The massacres of October 7th traumatised Israelis and their military leaders. Yet Israel’s politicians and generals have so far faced no reckoning for failures of deterrence and early warning, largely because of the continuing wars. Mr Netanyahu, anxious to hold together his far-right coalition, which includes ministers who have advocated ethnic cleansing in Gaza and southern Lebanon, has refused to appoint an independent commission of inquiry.

Meanwhile, a new unofficial doctrine has emerged in which the notion of pre-emptive action has been redefined. According to this, if Israel can no longer rely on detecting enemies’ intentions, it must act much earlier against their capabilities.
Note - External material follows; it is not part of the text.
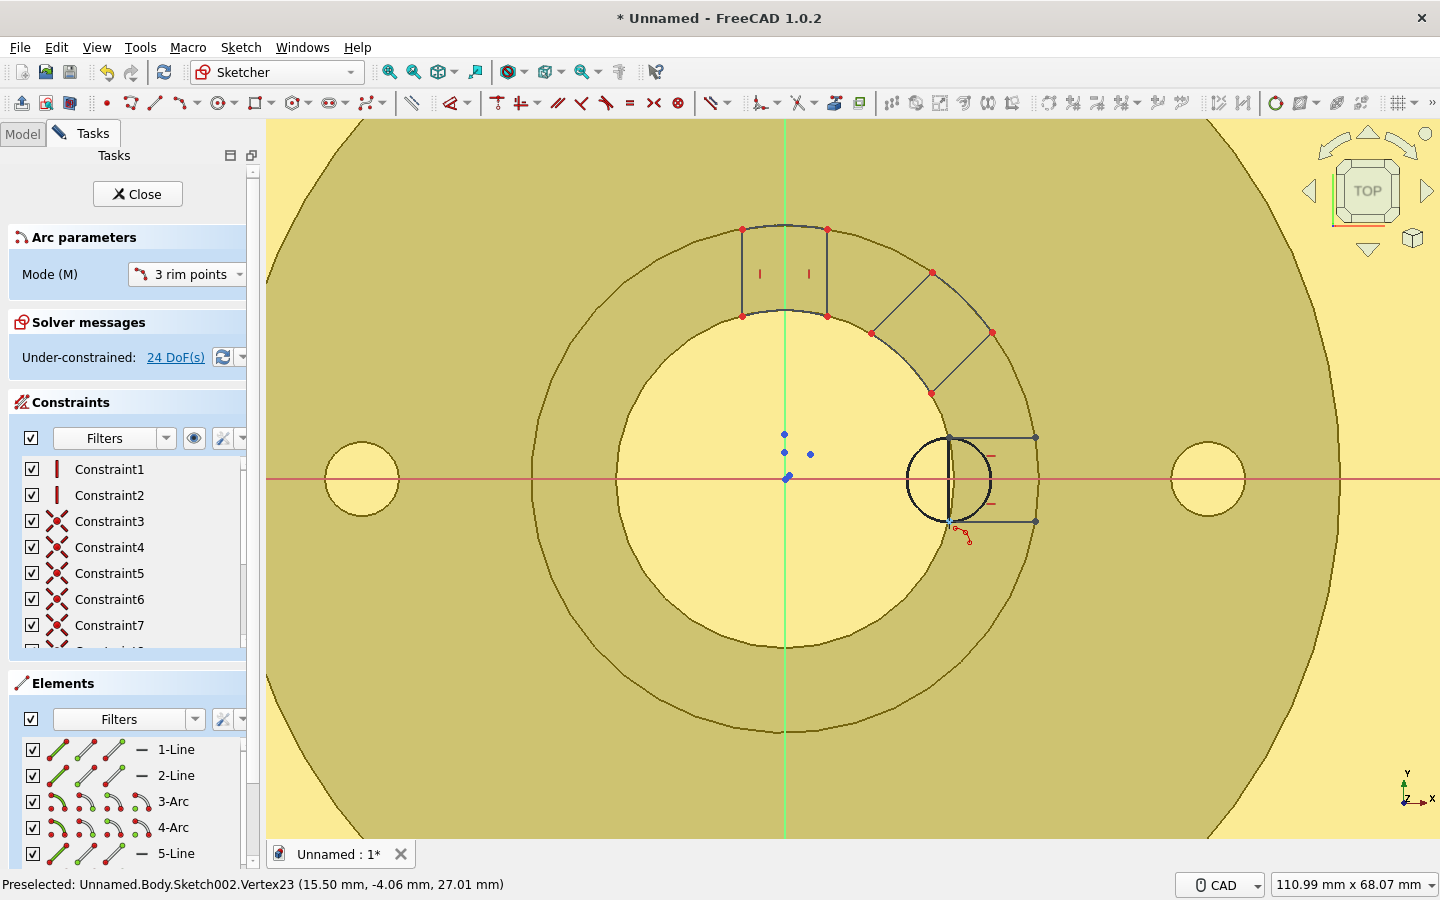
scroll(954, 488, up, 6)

That principle guides its wars with Iran and the occupation of “security zones” inside Gaza, Lebanon and even Syria, though the new government in Damascus is trying to reach a security agreement with Israel.

Senior IDF officers grumble about having to fight wars without an overall strategy. But in public they have fallen into line with Mr Netanyahu’s open-ended conflict. “The IDF used to be able to restrain the politicians,” says Or Rabinowitz, an expert on Israeli strategy at Stanford University. “But the generals are too cowed now by their October 7th failure to oppose the government’s worst tendencies. They can’t even rein in their own soldiers who are helping settlers in the West Bank attack Palestinians. The only restraint now is Trump’s foot on the brakes.”